Optimization of Regular Path Queries in Graph Databases
- Speaker: Dr Nikolay Yakovets, Eindhoven University of Technology
- Date: Friday, 3 March 2017 from 14:00 to 15:00
- Location: Room 151
Regular path queries offer a powerful navigational mechanism in graph databases. Recently, there has been renewed interest in such queries in the context of the Se- mantic Web. The extension of SPARQL in version 1.1 with property paths offers a type of regular path query for RDF graph databases. While eminently useful, such queries are difficult to optimize and evaluate efficiently, however. We design and implement a cost-based optimizer we call Waveguide for SPARQL queries with property paths.

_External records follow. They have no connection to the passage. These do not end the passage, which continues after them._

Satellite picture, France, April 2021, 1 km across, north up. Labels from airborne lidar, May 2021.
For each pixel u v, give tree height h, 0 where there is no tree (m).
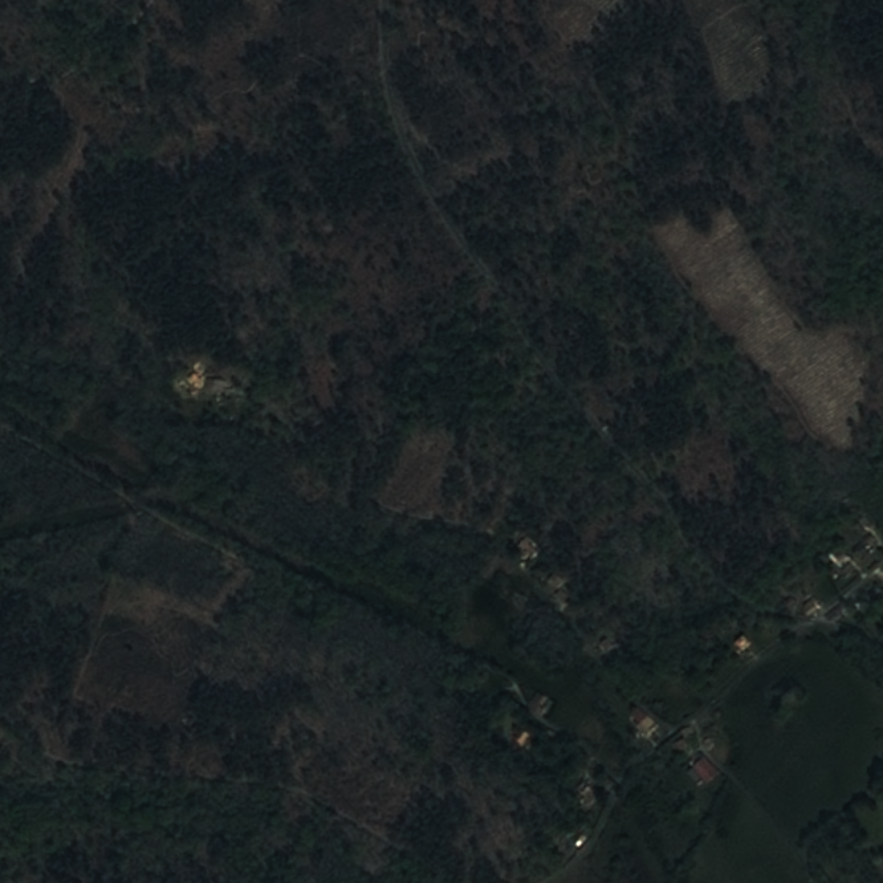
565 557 19
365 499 26
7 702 23
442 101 7
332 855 25
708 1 0
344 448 26
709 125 14
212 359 13
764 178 7
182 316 20
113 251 22
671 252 0
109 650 0
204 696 21
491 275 7
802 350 0
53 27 16
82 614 14
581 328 12
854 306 17
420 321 10
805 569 17
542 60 11
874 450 15
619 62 23
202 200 12
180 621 6
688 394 18
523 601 10
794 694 24
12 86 15
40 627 13
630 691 15
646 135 17
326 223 6
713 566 8
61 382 25
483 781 17
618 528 7
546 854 14
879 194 19
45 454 9
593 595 27
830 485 23
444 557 19
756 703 0
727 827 0
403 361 13
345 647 22
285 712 14
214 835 8
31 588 6
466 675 21
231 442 20
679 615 15
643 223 14
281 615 14
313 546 21
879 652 15
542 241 13
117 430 19
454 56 7
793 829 0
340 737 12
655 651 17
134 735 22
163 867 11
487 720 18
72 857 18
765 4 20
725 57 0
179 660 5
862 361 0
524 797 14
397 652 19
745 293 0
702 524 23
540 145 14
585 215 16
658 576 13
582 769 16
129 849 15
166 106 10
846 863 14
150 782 16
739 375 18
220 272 10
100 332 14
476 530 12
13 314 10
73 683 25
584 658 20
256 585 14
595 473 16
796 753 0
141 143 18
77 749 25
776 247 7
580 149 16
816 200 14
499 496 18
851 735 0
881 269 22
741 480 6
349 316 13
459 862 23
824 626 0
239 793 11
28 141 24
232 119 12
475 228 7
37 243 0
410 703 15
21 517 11
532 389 8
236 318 21
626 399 6
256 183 11
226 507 9
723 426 10
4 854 21
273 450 11
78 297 24
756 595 16
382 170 13
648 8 12
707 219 16
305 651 15
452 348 16
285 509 16
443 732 8
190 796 9
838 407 0
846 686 0
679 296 14
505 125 11
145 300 17
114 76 17
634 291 13
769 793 0
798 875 0
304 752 25
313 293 16
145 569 14
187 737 6
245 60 0
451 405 16
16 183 24
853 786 0
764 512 23
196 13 18
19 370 24
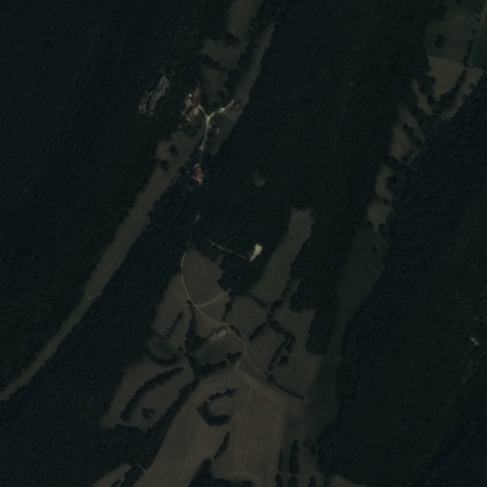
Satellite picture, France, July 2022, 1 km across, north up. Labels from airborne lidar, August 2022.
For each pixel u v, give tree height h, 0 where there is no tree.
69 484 17
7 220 22
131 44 22
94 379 15
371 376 15
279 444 0
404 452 16
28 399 21
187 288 0
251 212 9
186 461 0
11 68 19
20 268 21
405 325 16
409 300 19
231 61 0
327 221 19
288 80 15
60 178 19
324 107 12
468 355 8
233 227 6
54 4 21
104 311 19
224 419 14
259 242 10
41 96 18
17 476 9
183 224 19
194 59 21
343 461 20
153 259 19
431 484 27
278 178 12
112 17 6
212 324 0
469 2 0
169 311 0
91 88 8
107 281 0
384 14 15
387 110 21
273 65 18
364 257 0
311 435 0
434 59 0
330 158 12
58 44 17
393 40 23
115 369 18
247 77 0
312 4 18
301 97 14
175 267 12
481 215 18
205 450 0
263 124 13
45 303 12
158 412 0
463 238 16
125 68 23
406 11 19
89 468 12
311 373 0
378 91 25
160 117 7
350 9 16
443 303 16
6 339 23
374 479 18
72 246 10
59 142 15
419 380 12
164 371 0
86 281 8
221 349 0
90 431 15
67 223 13
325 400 0
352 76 10
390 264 29
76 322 0
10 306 11
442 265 15
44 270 16
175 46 9
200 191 17
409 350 15
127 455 14
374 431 13
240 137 15
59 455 15
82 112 21
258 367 0
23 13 24
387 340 14
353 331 18
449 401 10
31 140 15
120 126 13
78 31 20
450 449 22
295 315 0
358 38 12
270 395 0
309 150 15
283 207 13
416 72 21
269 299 0
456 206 26
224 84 0
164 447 0
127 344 22
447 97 20
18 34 22
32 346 23
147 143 20
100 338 17
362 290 0
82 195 16
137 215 0
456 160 26
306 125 13
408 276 23
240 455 0
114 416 0
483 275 12
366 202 26
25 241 27
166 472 0
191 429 0
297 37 17
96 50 9
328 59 13
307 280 17
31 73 19
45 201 19
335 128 12
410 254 23
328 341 18
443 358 12
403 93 20
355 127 20
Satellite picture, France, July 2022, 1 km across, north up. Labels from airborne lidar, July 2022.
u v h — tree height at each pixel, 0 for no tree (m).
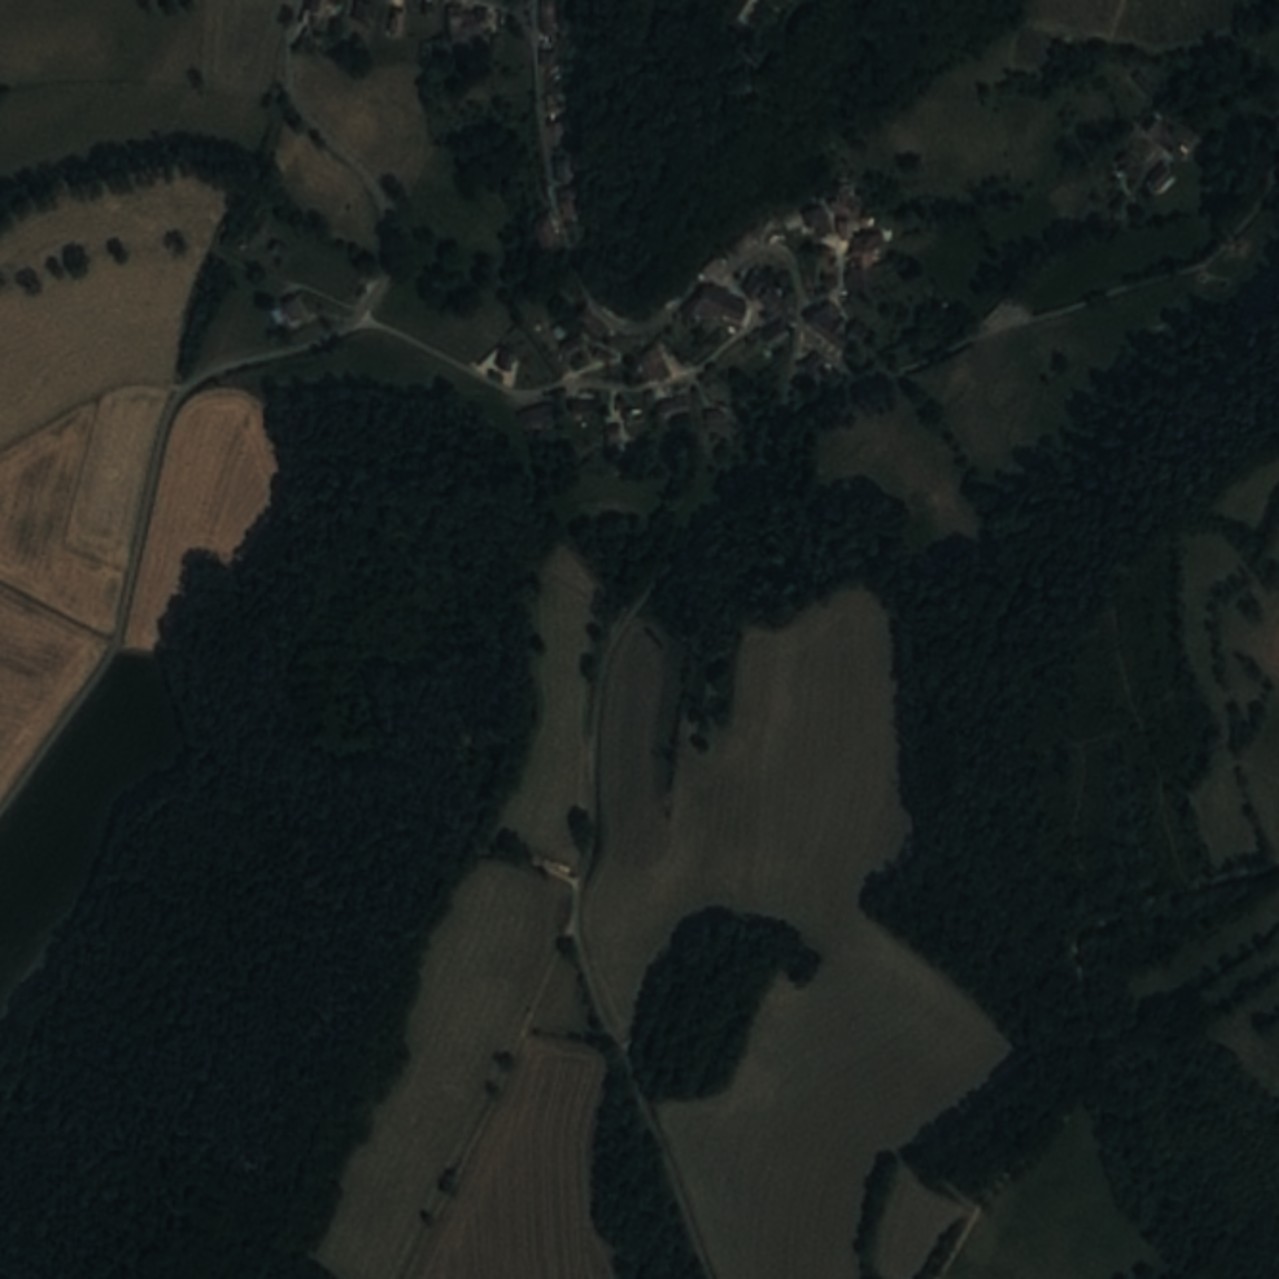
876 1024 0
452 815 29
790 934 19
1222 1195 8
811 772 0
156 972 16
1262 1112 11
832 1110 0
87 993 16
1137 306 0
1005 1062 0
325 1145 18
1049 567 24
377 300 0
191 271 0
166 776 18
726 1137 0
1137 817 12
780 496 30
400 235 25
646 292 29
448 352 0
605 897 0
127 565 0
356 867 23
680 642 21
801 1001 0
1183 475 17
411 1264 0
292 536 20
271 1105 16
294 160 0
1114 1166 19
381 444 27
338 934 24
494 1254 0
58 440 0
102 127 0
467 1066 0
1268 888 16
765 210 10
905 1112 0
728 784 0
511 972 0
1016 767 16
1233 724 8
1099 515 26
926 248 0
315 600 21
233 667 22
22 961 0
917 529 0
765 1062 0
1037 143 0
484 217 0
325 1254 0
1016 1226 0
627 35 19
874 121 25
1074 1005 18
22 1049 18
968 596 32
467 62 28
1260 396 28
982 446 0
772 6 14
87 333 0
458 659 22
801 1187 0
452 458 19
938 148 0
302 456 23
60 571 0
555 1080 0
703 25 23
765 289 0
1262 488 0
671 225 19
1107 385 21
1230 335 7
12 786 0
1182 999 17
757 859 0
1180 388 33
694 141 18
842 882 0
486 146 16
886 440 0
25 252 0
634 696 0
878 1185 16
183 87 0
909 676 25
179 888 17
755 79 18
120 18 0
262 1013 24
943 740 23
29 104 0
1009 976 18
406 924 16
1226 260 0
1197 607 0
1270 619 0
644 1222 20
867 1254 12
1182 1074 11
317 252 0
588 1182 0
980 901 18
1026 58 0
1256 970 0
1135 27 0
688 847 0
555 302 21
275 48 0
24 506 0
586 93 19
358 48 17
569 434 8
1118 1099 20
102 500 0
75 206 0
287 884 17
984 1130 19
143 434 0
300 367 0
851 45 28
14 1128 16
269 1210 17
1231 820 0
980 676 22
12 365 0
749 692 0
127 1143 23
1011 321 0
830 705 0
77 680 0
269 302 15
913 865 21
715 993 13
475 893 0
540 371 0
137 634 0
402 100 0
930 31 21
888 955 0
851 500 28
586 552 15
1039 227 0
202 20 0
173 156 20
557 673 0
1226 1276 15
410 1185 0
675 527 8
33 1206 17
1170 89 10
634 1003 0
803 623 0
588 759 0
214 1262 15
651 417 6
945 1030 0
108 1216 20
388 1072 19
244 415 0
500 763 20
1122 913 14
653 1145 15
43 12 0
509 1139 0
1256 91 16
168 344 0
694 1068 14
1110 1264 0
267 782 25
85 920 17
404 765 25
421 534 15
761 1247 0

Waveguide builds a query plan—which we call a waveplan (WP)—which guides the query evaluation. There are numerous choices in the construction of a plan, and a number of optimization methods, so the space of plans for a query can be quite large. Execution costs of plans for the same query can vary by orders of magnitude with the best plan often offering excellent performance. A WP’s costs can be estimated, which opens the way to cost-based optimization. We demonstrate that Waveguide properly subsumes existing techniques and that the new plans it adds are relevant. We analyze the effective plan space which is enabled by Waveguide and design an efficient enumerator for it. We implement a prototype of a Waveguide cost-based optimizer on top of an open-source relational RDF store. Finally, we perform a comprehensive performance study of the state of the art for evaluation of SPARQL property paths and demonstrate the significant performance gains that Waveguide offers.
Nikolay Yakovets is an assistant professor of computer science at Eindhoven University of Technology.
He obtained his PhD from Lassonde School of Engineering at York University in 2016.
He worked on various database topics at IBM CAS Canada and Empress Software Canada.
His current focus is on design and implementation of core database technologies,
management of massive graph data, and efficient processing of queries on graphs.